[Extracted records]

··········

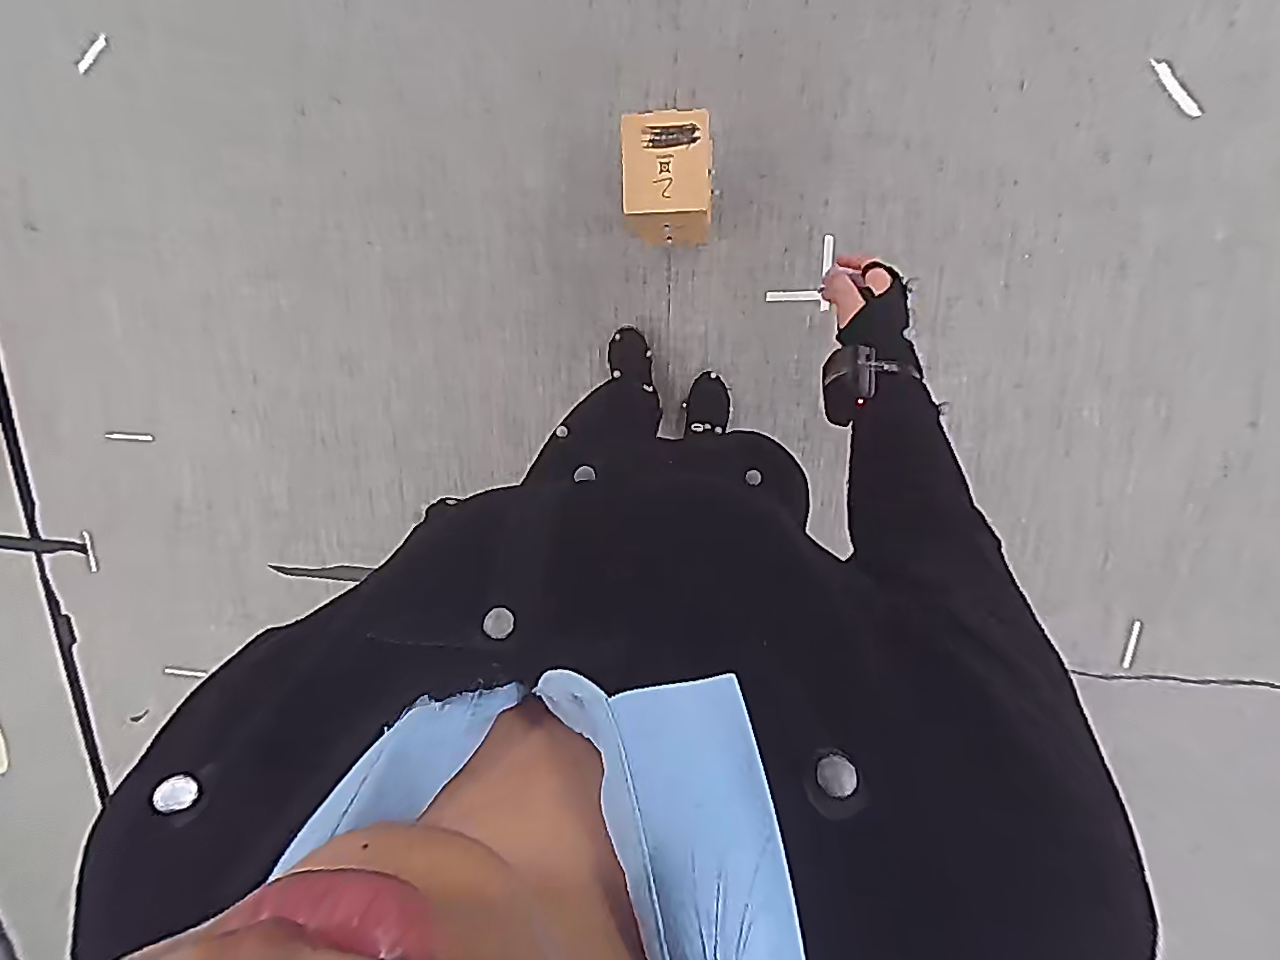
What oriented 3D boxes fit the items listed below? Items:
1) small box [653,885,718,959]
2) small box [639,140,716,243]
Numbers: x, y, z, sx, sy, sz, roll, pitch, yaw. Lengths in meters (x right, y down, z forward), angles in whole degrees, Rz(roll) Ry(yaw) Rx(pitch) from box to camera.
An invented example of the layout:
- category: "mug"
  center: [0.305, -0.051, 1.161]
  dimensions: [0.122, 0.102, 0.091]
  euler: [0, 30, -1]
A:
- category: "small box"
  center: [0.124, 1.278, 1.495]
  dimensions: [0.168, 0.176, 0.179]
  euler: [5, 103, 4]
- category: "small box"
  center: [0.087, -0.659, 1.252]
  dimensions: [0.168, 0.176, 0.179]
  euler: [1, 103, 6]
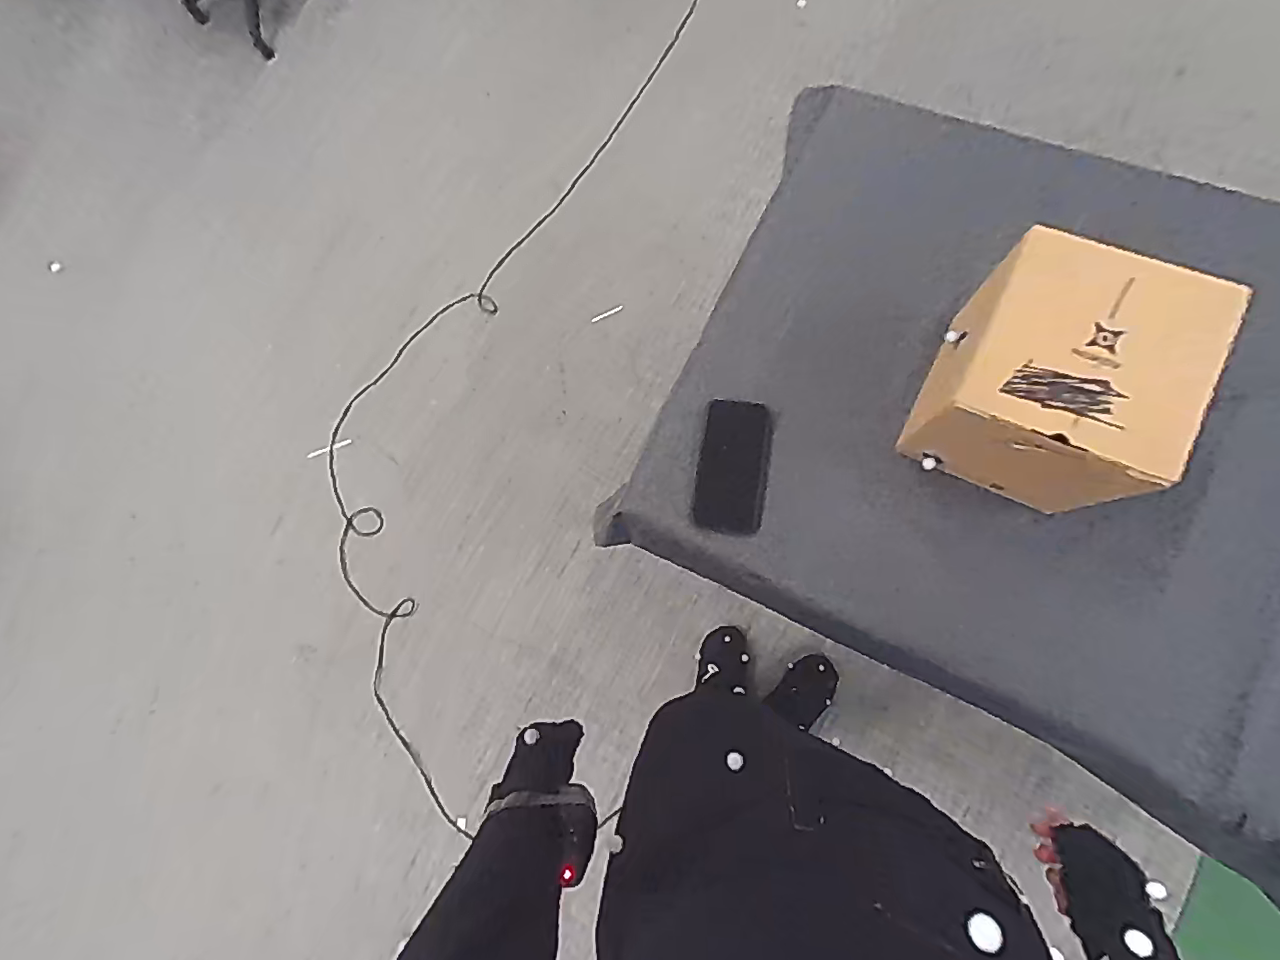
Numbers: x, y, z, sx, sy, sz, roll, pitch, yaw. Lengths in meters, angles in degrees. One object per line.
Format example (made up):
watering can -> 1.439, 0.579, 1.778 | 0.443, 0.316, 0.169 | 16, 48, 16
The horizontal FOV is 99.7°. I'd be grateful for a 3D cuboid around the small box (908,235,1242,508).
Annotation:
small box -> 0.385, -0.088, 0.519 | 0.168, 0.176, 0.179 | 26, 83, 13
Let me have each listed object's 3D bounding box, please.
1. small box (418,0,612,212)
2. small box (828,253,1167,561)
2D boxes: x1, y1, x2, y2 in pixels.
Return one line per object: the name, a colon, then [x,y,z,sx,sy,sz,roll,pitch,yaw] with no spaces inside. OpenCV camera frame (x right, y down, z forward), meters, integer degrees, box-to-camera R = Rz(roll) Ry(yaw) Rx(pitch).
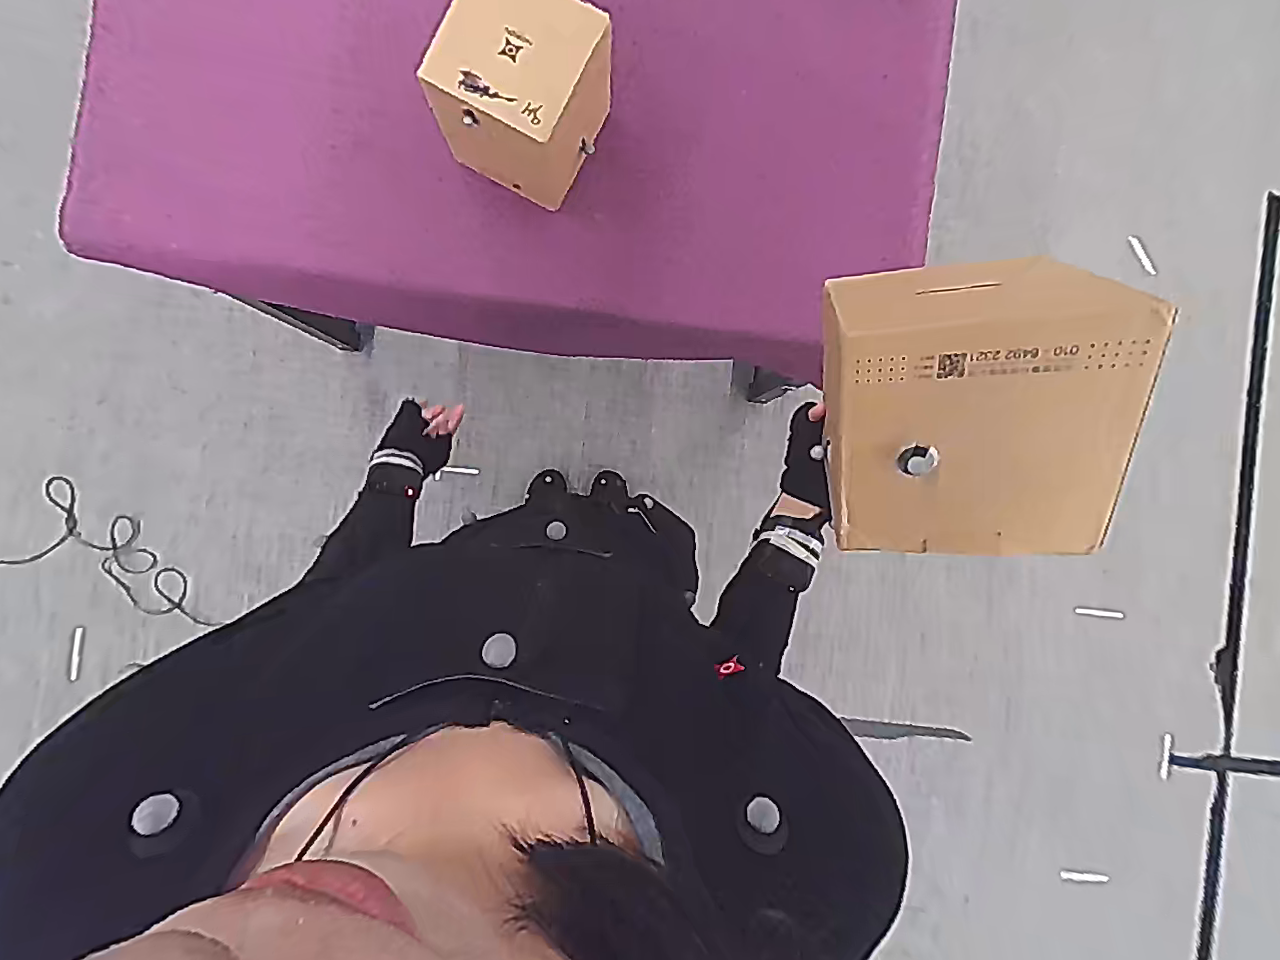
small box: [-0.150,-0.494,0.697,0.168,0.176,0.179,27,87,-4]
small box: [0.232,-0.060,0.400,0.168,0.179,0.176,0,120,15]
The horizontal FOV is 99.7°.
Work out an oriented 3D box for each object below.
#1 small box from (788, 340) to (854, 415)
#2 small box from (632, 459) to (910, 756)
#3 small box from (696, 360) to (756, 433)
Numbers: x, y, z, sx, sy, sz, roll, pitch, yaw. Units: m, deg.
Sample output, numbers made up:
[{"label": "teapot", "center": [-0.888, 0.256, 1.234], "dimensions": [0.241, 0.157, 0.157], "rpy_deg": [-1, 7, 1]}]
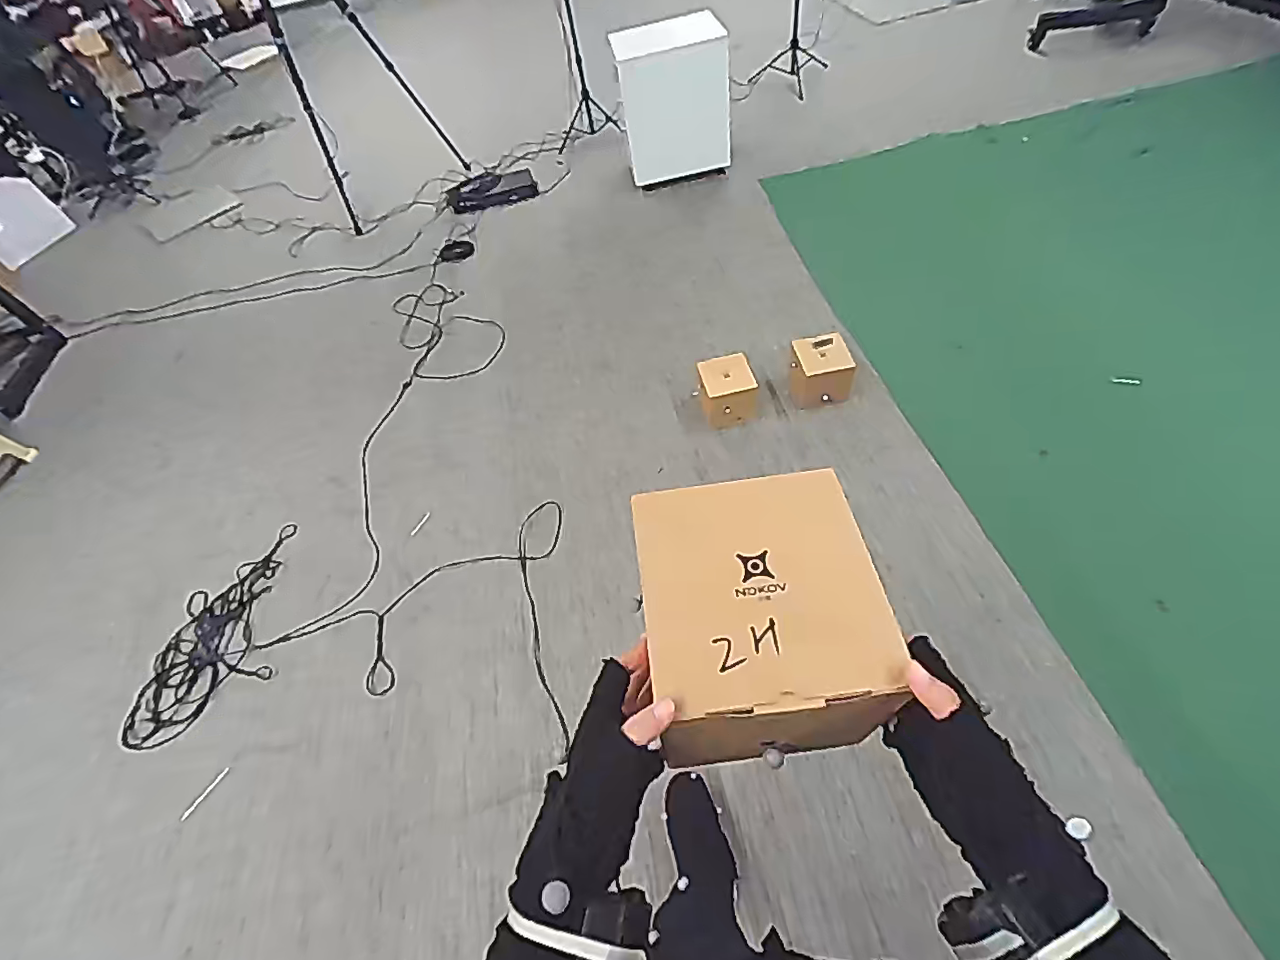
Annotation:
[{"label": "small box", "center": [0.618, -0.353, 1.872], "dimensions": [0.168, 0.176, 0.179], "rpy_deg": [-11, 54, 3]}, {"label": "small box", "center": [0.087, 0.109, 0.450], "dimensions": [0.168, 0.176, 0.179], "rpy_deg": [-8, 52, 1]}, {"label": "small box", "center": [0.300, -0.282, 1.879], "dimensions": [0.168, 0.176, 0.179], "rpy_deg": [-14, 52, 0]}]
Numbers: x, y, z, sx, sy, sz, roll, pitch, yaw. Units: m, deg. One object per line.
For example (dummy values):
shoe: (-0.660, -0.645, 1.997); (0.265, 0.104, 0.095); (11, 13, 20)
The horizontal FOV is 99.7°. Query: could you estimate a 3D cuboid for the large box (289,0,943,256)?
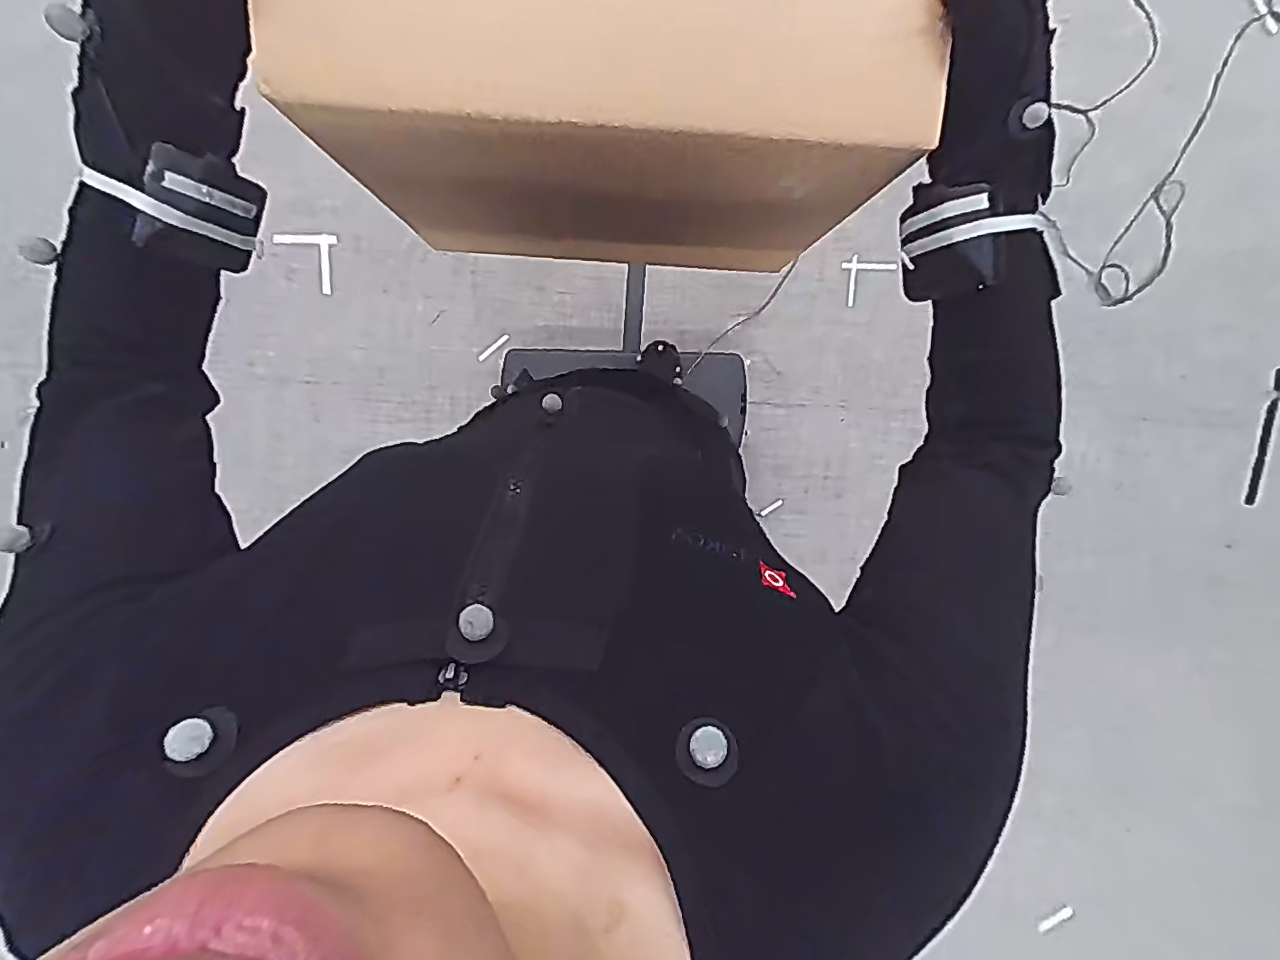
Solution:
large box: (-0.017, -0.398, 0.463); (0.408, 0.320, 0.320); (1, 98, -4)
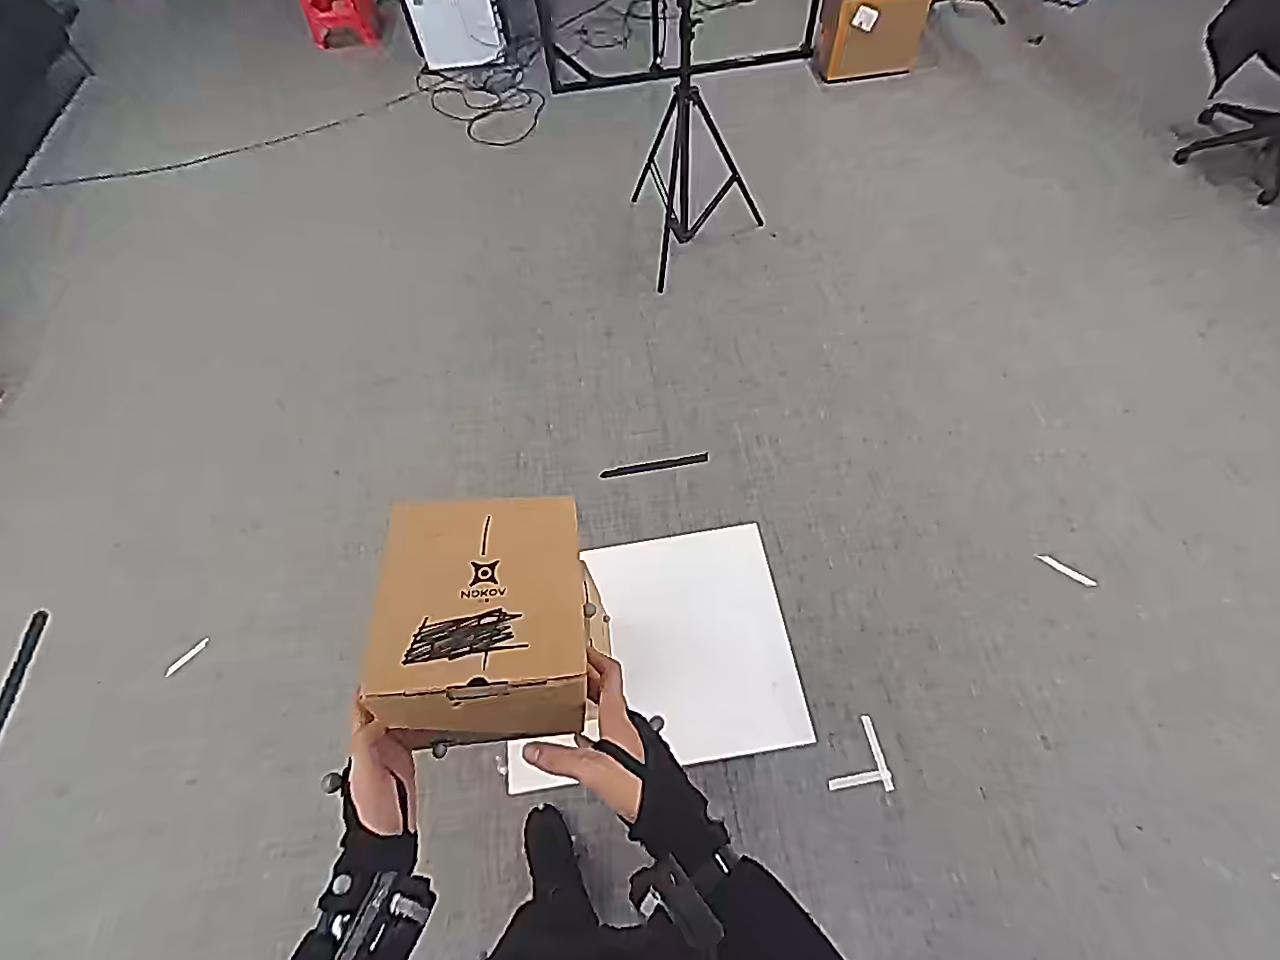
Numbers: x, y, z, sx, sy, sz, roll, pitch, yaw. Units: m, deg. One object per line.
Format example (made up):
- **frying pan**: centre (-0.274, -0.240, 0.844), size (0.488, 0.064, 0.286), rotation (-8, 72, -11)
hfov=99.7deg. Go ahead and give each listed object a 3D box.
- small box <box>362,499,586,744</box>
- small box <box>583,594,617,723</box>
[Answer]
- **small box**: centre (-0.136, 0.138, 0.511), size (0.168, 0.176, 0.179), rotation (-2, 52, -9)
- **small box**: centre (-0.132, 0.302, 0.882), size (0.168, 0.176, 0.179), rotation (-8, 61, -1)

··········

### Work required
Give back every entry word for word, and drop the pictures as you go.

### The completed task
What oriented 3D boxes fit the items listed below? Items:
1) small box [653,885,718,959]
2) small box [639,140,716,243]
Numbers: x, y, z, sx, sy, sz, roll, pitch, yaw. Lengths in meters (x right, y down, z forward), angles in whole degrees, Rz(roll) Ry(yaw) Rx(pitch) from box to camera.
An invented example of the layout:
- category: "mug"
  center: [0.305, -0.051, 1.161]
  dimensions: [0.122, 0.102, 0.091]
  euler: [0, 30, -1]
A:
- category: "small box"
  center: [0.124, 1.278, 1.495]
  dimensions: [0.168, 0.176, 0.179]
  euler: [5, 103, 4]
- category: "small box"
  center: [0.087, -0.659, 1.252]
  dimensions: [0.168, 0.176, 0.179]
  euler: [1, 103, 6]
Numbers: x, y, z, sx, sy, sz, roll, pitch, yaw. Lengths in meters, angles in degrees. One object per line.
Format example (made up):
watering can -> 1.439, 0.579, 1.778 | 0.443, 0.316, 0.169 | 16, 48, 16
The horizontal FOV is 99.7°. I'd be grateful for a 3D cuboid around the small box (908,235,1242,508).
Annotation:
small box -> 0.385, -0.088, 0.519 | 0.168, 0.176, 0.179 | 26, 83, 13
Let me have each listed object's 3D bounding box, please.
1. small box (418,0,612,212)
2. small box (828,253,1167,561)
2D boxes: x1, y1, x2, y2 in pixels.
Return one line per object: the name, a colon, then [x,y,z,sx,sy,sz,roll,pitch,yaw] with no spaces inside. OpenCV camera frame (x right, y down, z forward), meters, integer degrees, box-to-camera R = Rz(roll) Ry(yaw) Rx(pitch).
small box: [-0.150,-0.494,0.697,0.168,0.176,0.179,27,87,-4]
small box: [0.232,-0.060,0.400,0.168,0.179,0.176,0,120,15]
The horizontal FOV is 99.7°.
Work out an oriented 3D box for each object below.
#1 small box from (788, 340) to (854, 415)
#2 small box from (632, 459) to (910, 756)
#3 small box from (696, 360) to (756, 433)
Numbers: x, y, z, sx, sy, sz, roll, pitch, yaw. Units: m, deg.
Sample output, numbers made up:
[{"label": "teapot", "center": [-0.888, 0.256, 1.234], "dimensions": [0.241, 0.157, 0.157], "rpy_deg": [-1, 7, 1]}]
Annotation:
[{"label": "small box", "center": [0.618, -0.353, 1.872], "dimensions": [0.168, 0.176, 0.179], "rpy_deg": [-11, 54, 3]}, {"label": "small box", "center": [0.087, 0.109, 0.450], "dimensions": [0.168, 0.176, 0.179], "rpy_deg": [-8, 52, 1]}, {"label": "small box", "center": [0.300, -0.282, 1.879], "dimensions": [0.168, 0.176, 0.179], "rpy_deg": [-14, 52, 0]}]
Numbers: x, y, z, sx, sy, sz, roll, pitch, yaw. Units: m, deg. One object per line.
For example (dummy values):
shoe: (-0.660, -0.645, 1.997); (0.265, 0.104, 0.095); (11, 13, 20)
The horizontal FOV is 99.7°. Query: could you estimate a 3D cuboid for the large box (289,0,943,256)?
Solution:
large box: (-0.017, -0.398, 0.463); (0.408, 0.320, 0.320); (1, 98, -4)
Numbers: x, y, z, sx, sy, sz, roll, pitch, yaw. Units: m, deg. One object per line.
Format example (made up):
- **frying pan**: centre (-0.274, -0.240, 0.844), size (0.488, 0.064, 0.286), rotation (-8, 72, -11)
hfov=99.7deg. Go ahead and give each listed object a 3D box.
- small box <box>362,499,586,744</box>
- small box <box>583,594,617,723</box>
[Answer]
- **small box**: centre (-0.136, 0.138, 0.511), size (0.168, 0.176, 0.179), rotation (-2, 52, -9)
- **small box**: centre (-0.132, 0.302, 0.882), size (0.168, 0.176, 0.179), rotation (-8, 61, -1)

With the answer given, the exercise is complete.